No, he was majestic if a
bit small, and something that seemed to immediately evoke a feeling, temperament
or intuition beyond the ordinary. Some say dreamy, others say totem or lovely
trickster. Words like quick, vision-like, or inspiring come to the fore.
I
say he was pure magic. Looking around, somewhat cautiously but still curiously,
- the sun that made its way through the forest firmament shone on his light
brown coat. In that moment, though I could not manage an actual picture, I
chose not to miss it and saw the reality with plain eyes, open, true, actual, non-obscured.
He had stopped and was even in stillness, against logic, seemingly agile, spry,
handsome, curt, and flowing. The coyote himself was like the saying of Jesus in
the secret Gospel of St. Thomas, when they ask Jesus what IT is like and he
responds, ‘It is a movement and a rest.’ It’s both at the same time.

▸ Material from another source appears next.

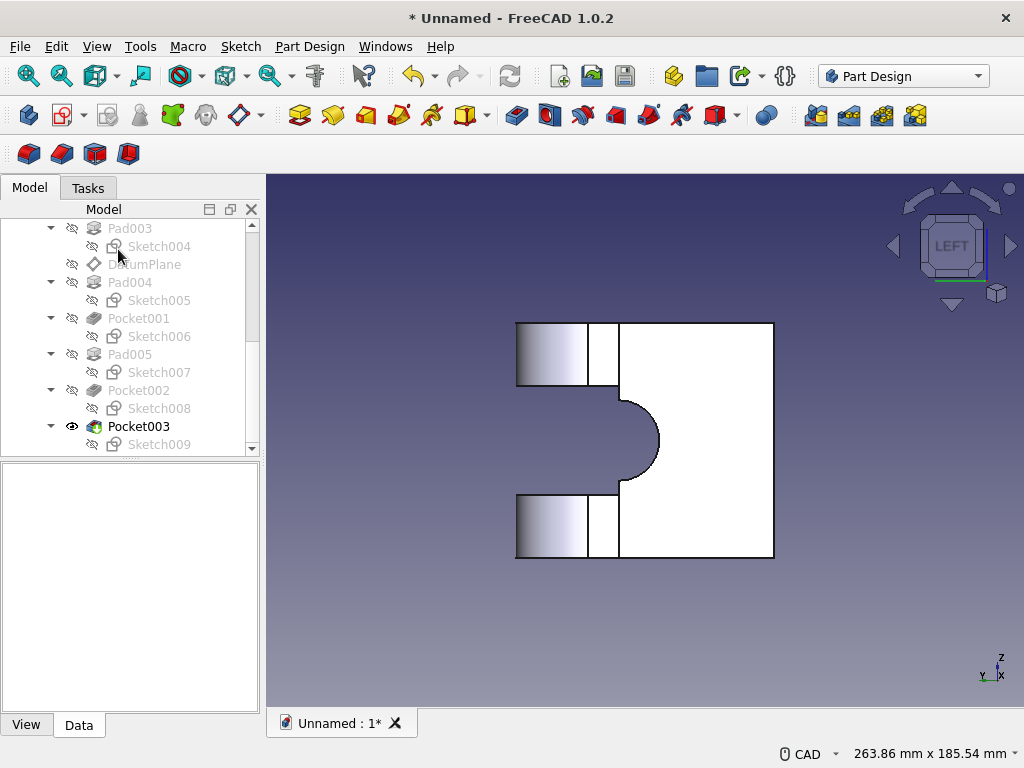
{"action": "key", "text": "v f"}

And the
frame of him, which was green pines and bright white birches, a meandering
stream down the way and the blue sky up and up and up there watching between
the trees.
Is
there a streak of white could even announced there also?
Surely.
The sun comes through and rests
upon his back, tail, and the head and ears and face.

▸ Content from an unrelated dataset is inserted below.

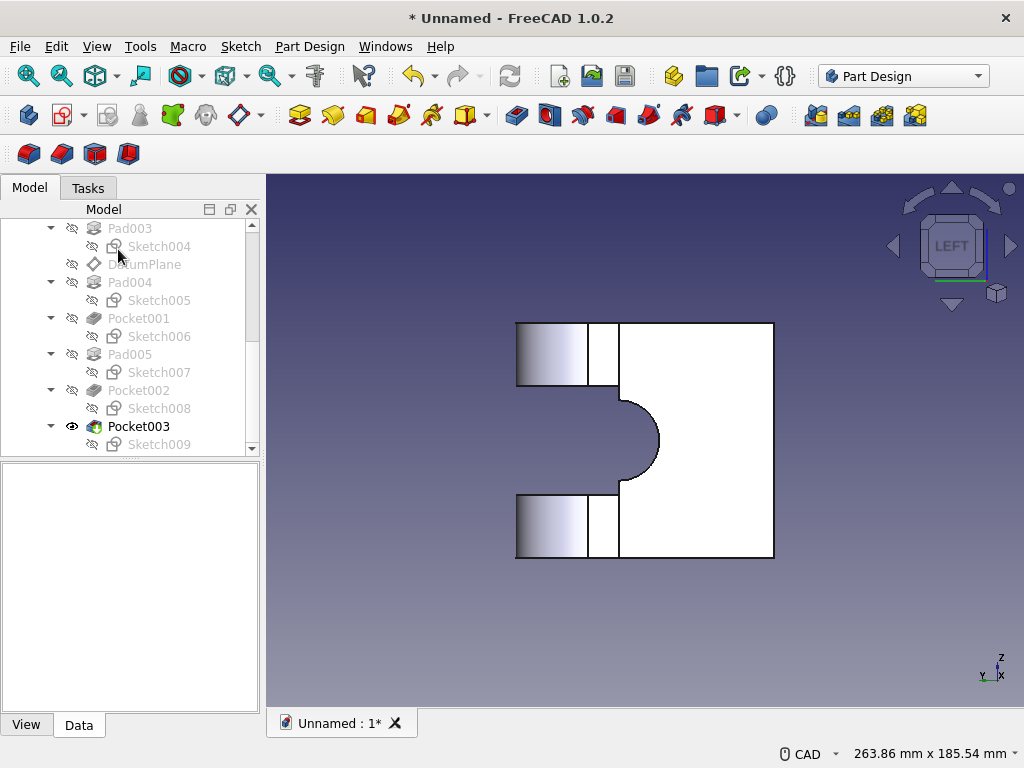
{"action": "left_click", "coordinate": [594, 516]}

And then coyote looks at me, surveys
me. He is not afraid in the colloquial, in the generic sense of fear,
agitation, and excitement. No, he just looks. Then he doubles back and turning
round begins to gain momentum and more speed as he rises, as he negotiates the
far away valley wall and travels off into the rest of the afternoon. We had
met. He had his way and I had mine and we made them fine.